TASK TO CARRY OUT: Look through the data below, and copy each line that carries the word "года".

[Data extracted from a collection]
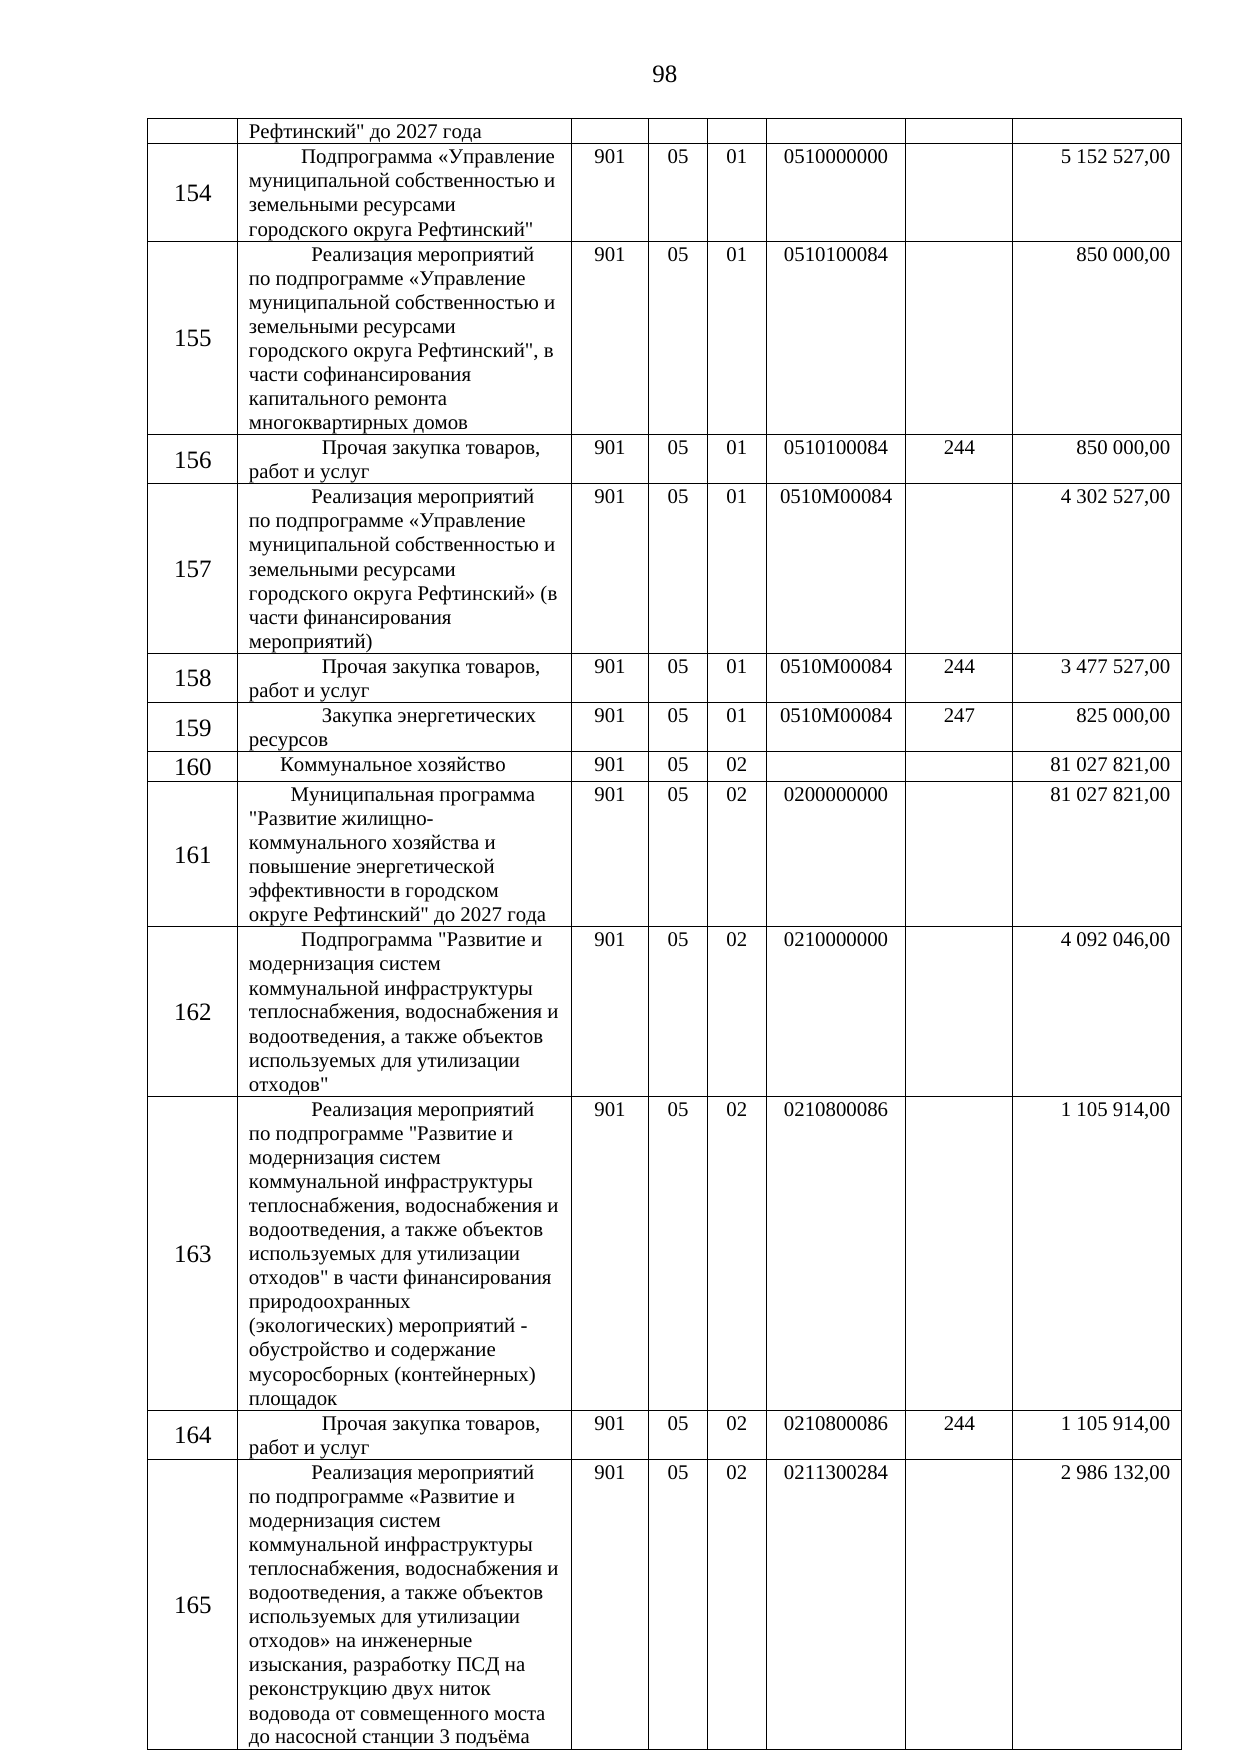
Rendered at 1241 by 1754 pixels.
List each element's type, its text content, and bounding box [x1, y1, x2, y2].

table_cell 05 [649, 1460, 707, 1748]
table_cell 2 986 132,00 [1013, 1460, 1181, 1748]
table_cell 247 [906, 703, 1012, 751]
table_cell [572, 119, 648, 143]
table_cell Подпрограмма "Развитие и модернизация систем коммунальной инфраструктуры теплоснабжения, водоснабжения и водоотведения, а также объектов используемых для утилизации отходов" [238, 927, 571, 1096]
table_cell 05 [649, 654, 707, 702]
table_cell 01 [708, 484, 766, 653]
table_cell 0210800086 [767, 1411, 905, 1459]
table_cell [906, 927, 1012, 1096]
table_cell 901 [572, 1097, 648, 1409]
table_cell 02 [708, 782, 766, 926]
table_cell 901 [572, 1411, 648, 1459]
table_cell 05 [649, 752, 707, 781]
table_cell 159 [148, 703, 237, 751]
table_cell 0211300284 [767, 1460, 905, 1748]
table_cell 05 [649, 242, 707, 434]
table_cell [906, 119, 1012, 143]
table_cell 0200000000 [767, 782, 905, 926]
table_cell 901 [572, 484, 648, 653]
table_cell Муниципальная программа "Развитие жилищно-коммунального хозяйства и повышение энергетической эффективности в городском округе Рефтинский" до 2027 года [238, 782, 571, 926]
table_cell 05 [649, 782, 707, 926]
table_cell 02 [708, 752, 766, 781]
table_cell [906, 752, 1012, 781]
table_cell [649, 119, 707, 143]
table_cell 4 302 527,00 [1013, 484, 1181, 653]
table_cell 05 [649, 435, 707, 483]
table_cell 156 [148, 435, 237, 483]
table_cell 81 027 821,00 [1013, 752, 1181, 781]
table_cell 02 [708, 927, 766, 1096]
table_cell 0510М00084 [767, 484, 905, 653]
table_cell 05 [649, 927, 707, 1096]
table_cell 850 000,00 [1013, 242, 1181, 434]
table_cell 3 477 527,00 [1013, 654, 1181, 702]
table_cell [906, 782, 1012, 926]
table_cell 901 [572, 144, 648, 241]
table_cell 155 [148, 242, 237, 434]
table_cell [767, 752, 905, 781]
table_cell 158 [148, 654, 237, 702]
table_cell Коммунальное хозяйство [238, 752, 571, 781]
table_cell Прочая закупка товаров, работ и услуг [238, 435, 571, 483]
table_cell 1 105 914,00 [1013, 1097, 1181, 1409]
table_cell 825 000,00 [1013, 703, 1181, 751]
table_cell 165 [148, 1460, 237, 1748]
table_cell 901 [572, 752, 648, 781]
table_cell [767, 119, 905, 143]
table_cell Прочая закупка товаров, работ и услуг [238, 654, 571, 702]
table_cell Реализация мероприятий по подпрограмме «Развитие и модернизация систем коммунальной инфраструктуры теплоснабжения, водоснабжения и водоотведения, а также объектов используемых для утилизации отходов» на инженерные изыскания, разработку ПСД на реконструкцию двух ниток водовода от совмещенного моста до насосной станции 3 подъёма [238, 1460, 571, 1748]
table_cell 901 [572, 654, 648, 702]
table_cell [906, 1097, 1012, 1409]
table_cell 901 [572, 703, 648, 751]
table_cell Подпрограмма «Управление муниципальной собственностью и земельными ресурсами городского округа Рефтинский" [238, 144, 571, 241]
table_cell 154 [148, 144, 237, 241]
table_cell 01 [708, 703, 766, 751]
table_cell 0210800086 [767, 1097, 905, 1409]
table_cell 0510000000 [767, 144, 905, 241]
table_cell 05 [649, 1411, 707, 1459]
table_cell [148, 119, 237, 143]
table_cell 01 [708, 144, 766, 241]
table_cell 901 [572, 435, 648, 483]
table_cell 1 105 914,00 [1013, 1411, 1181, 1459]
table_cell 244 [906, 1411, 1012, 1459]
table_cell 850 000,00 [1013, 435, 1181, 483]
table_cell 02 [708, 1411, 766, 1459]
table_cell [1013, 119, 1181, 143]
table_cell 05 [649, 703, 707, 751]
table_cell [708, 119, 766, 143]
table_cell 161 [148, 782, 237, 926]
table_cell 901 [572, 242, 648, 434]
table_cell Реализация мероприятий по подпрограмме «Управление муниципальной собственностью и земельными ресурсами городского округа Рефтинский", в части софинансирования капитального ремонта многоквартирных домов [238, 242, 571, 434]
table_cell 81 027 821,00 [1013, 782, 1181, 926]
table_cell 901 [572, 782, 648, 926]
table_cell 0510100084 [767, 242, 905, 434]
table_cell 01 [708, 242, 766, 434]
table_cell 901 [572, 927, 648, 1096]
table_cell Закупка энергетических ресурсов [238, 703, 571, 751]
table_cell 01 [708, 435, 766, 483]
table_cell 02 [708, 1097, 766, 1409]
table_cell 160 [148, 752, 237, 781]
table_cell 244 [906, 435, 1012, 483]
table_cell 244 [906, 654, 1012, 702]
table_cell 163 [148, 1097, 237, 1409]
table_cell 0510100084 [767, 435, 905, 483]
table_cell 0510М00084 [767, 654, 905, 702]
table_cell 4 092 046,00 [1013, 927, 1181, 1096]
table_cell 05 [649, 1097, 707, 1409]
table_cell 5 152 527,00 [1013, 144, 1181, 241]
table_cell [906, 242, 1012, 434]
table_cell 901 [572, 1460, 648, 1748]
table_cell 164 [148, 1411, 237, 1459]
table_cell 02 [708, 1460, 766, 1748]
table_cell [906, 484, 1012, 653]
table_cell 05 [649, 484, 707, 653]
table_cell 01 [708, 654, 766, 702]
table_cell Реализация мероприятий по подпрограмме «Управление муниципальной собственностью и земельными ресурсами городского округа Рефтинский» (в части финансирования мероприятий) [238, 484, 571, 653]
table_cell [906, 144, 1012, 241]
table_cell 162 [148, 927, 237, 1096]
table_cell 0510М00084 [767, 703, 905, 751]
table_cell 0210000000 [767, 927, 905, 1096]
table_cell Реализация мероприятий по подпрограмме "Развитие и модернизация систем коммунальной инфраструктуры теплоснабжения, водоснабжения и водоотведения, а также объектов используемых для утилизации отходов" в части финансирования природоохранных (экологических) мероприятий - обустройство и содержание мусоросборных (контейнерных) площадок [238, 1097, 571, 1409]
table_cell 157 [148, 484, 237, 653]
table_cell 05 [649, 144, 707, 241]
table_cell Прочая закупка товаров, работ и услуг [238, 1411, 571, 1459]
table_cell Рефтинский" до 2027 года [238, 119, 571, 143]
table_cell [906, 1460, 1012, 1748]

SOLUTION TO THIS EXERCISE:
table_cell Муниципальная программа "Развитие жилищно-коммунального хозяйства и повышение энергетической эффективности в городском округе Рефтинский" до 2027 года [238, 782, 571, 926]
table_cell Рефтинский" до 2027 года [238, 119, 571, 143]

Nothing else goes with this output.